El venezolano nos montó resignado en el carrito de golf y empezó su discurso de loas al producto que vendía, a la arquitectura, al diseño, al lugar; mientras nosotros solo esperábamos a que se callara para descansar los oídos de su fastidioso acento.

Al llegar a la sala de ventas, todos entramos con cara de haber sido vomitados por un perro, cuando decenas de familias eran indagadas por la GESTAPO financiera y su pasado y presente económico era diseccionado para gusto de no se cuál mente perversa, esa que tras bambalinas nos observaba detenidamente en las pantallas del circuito cerrado.
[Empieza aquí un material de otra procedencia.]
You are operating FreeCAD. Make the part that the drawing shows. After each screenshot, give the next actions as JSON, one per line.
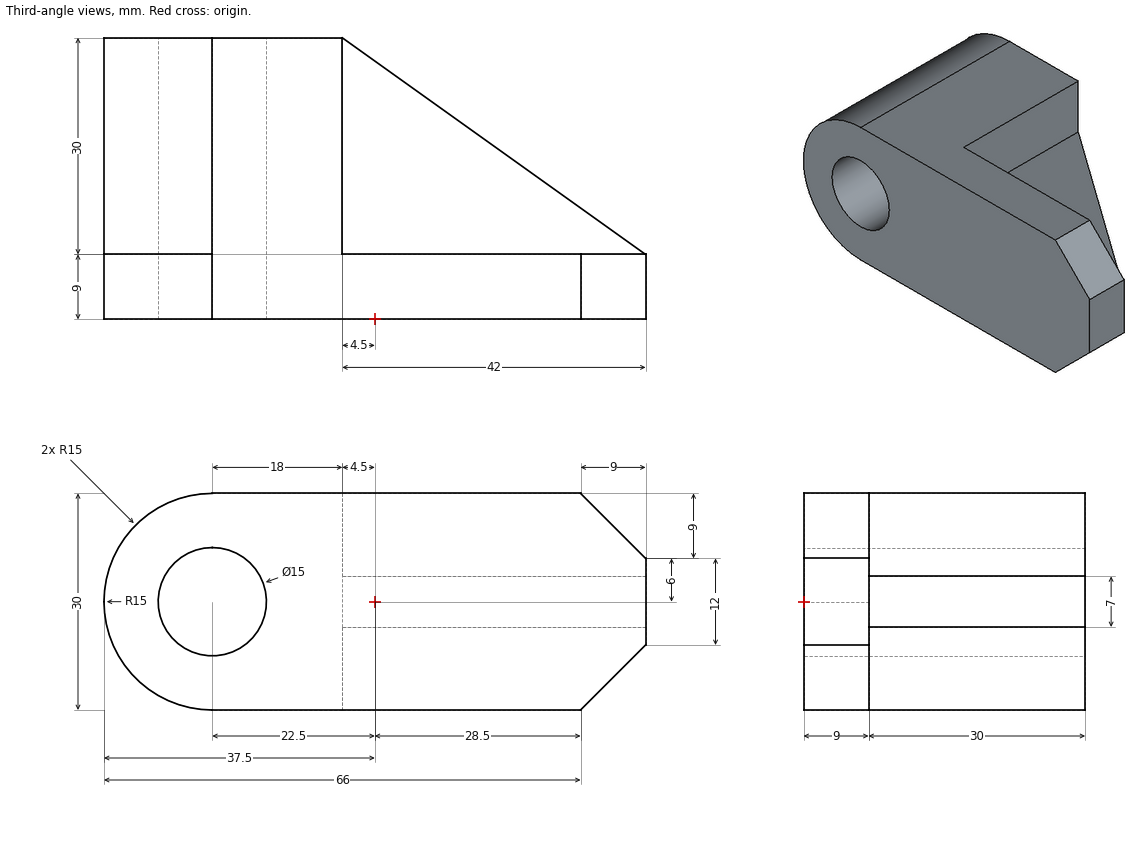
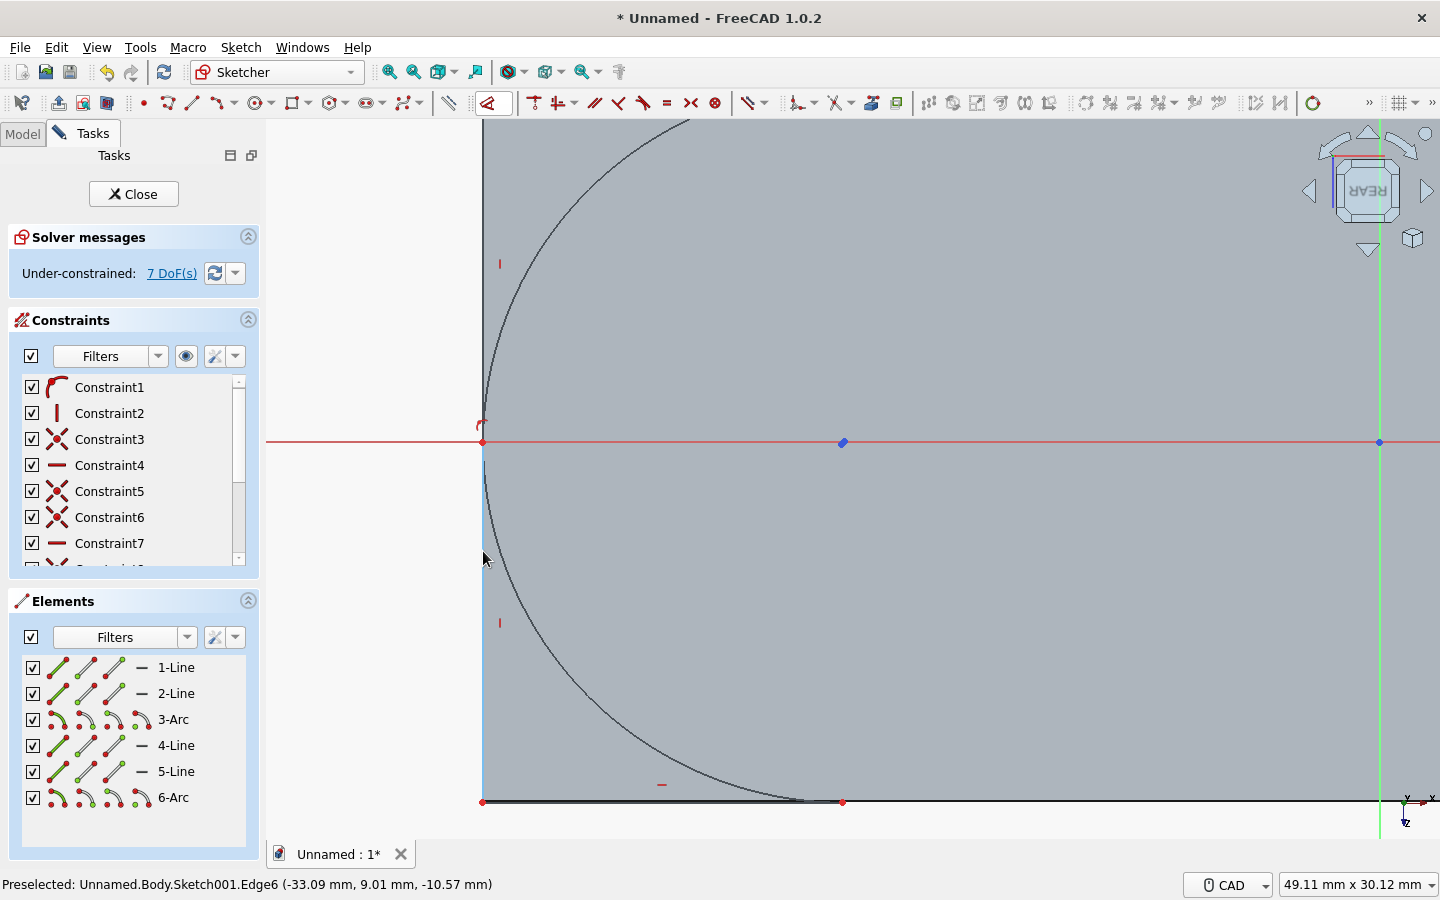
{"action": "left_click", "coordinate": [483, 551]}

Entramos y nos sentamos obedientemente a esperar el fin de la tortura, para poder irnos finalmente a un parque a hacer filas interminables. El venezolano no tenía más cosas en mente y como si no hubiera entendido nada, continuó con su perorata gastada. Se atrevió a preguntar si nos había gustado, algo alterado. Mi papá, en un gesto que aún no comprendo, le respondió que sí. ¿Entonces por que no lo compra? Replicó el venezolano. No sé si la presión de no recibir los tiquetes para el parque al no quedarse escuchando los disparos del tipo ese o el aire enrarecido por la calefacción, hicieron que mi padre no respondiera, pero así fue. Al ver, el venezolano, que lo único que queríamos era salir de allí, desistió de su deleznable propósito y nos dejó ir con los boletos, que ya en el auto rentado, vimos como el escuálido trofeo a la resistencia que eran. Nos parecieron insignificantes, por ellos habíamos perdido medio día de nuestras vidas, y ahora nos dirigíamos sin ánimo a un parque de diversiones mágico y enorme, construido sobre el fango del patio trasero de los estados unidos.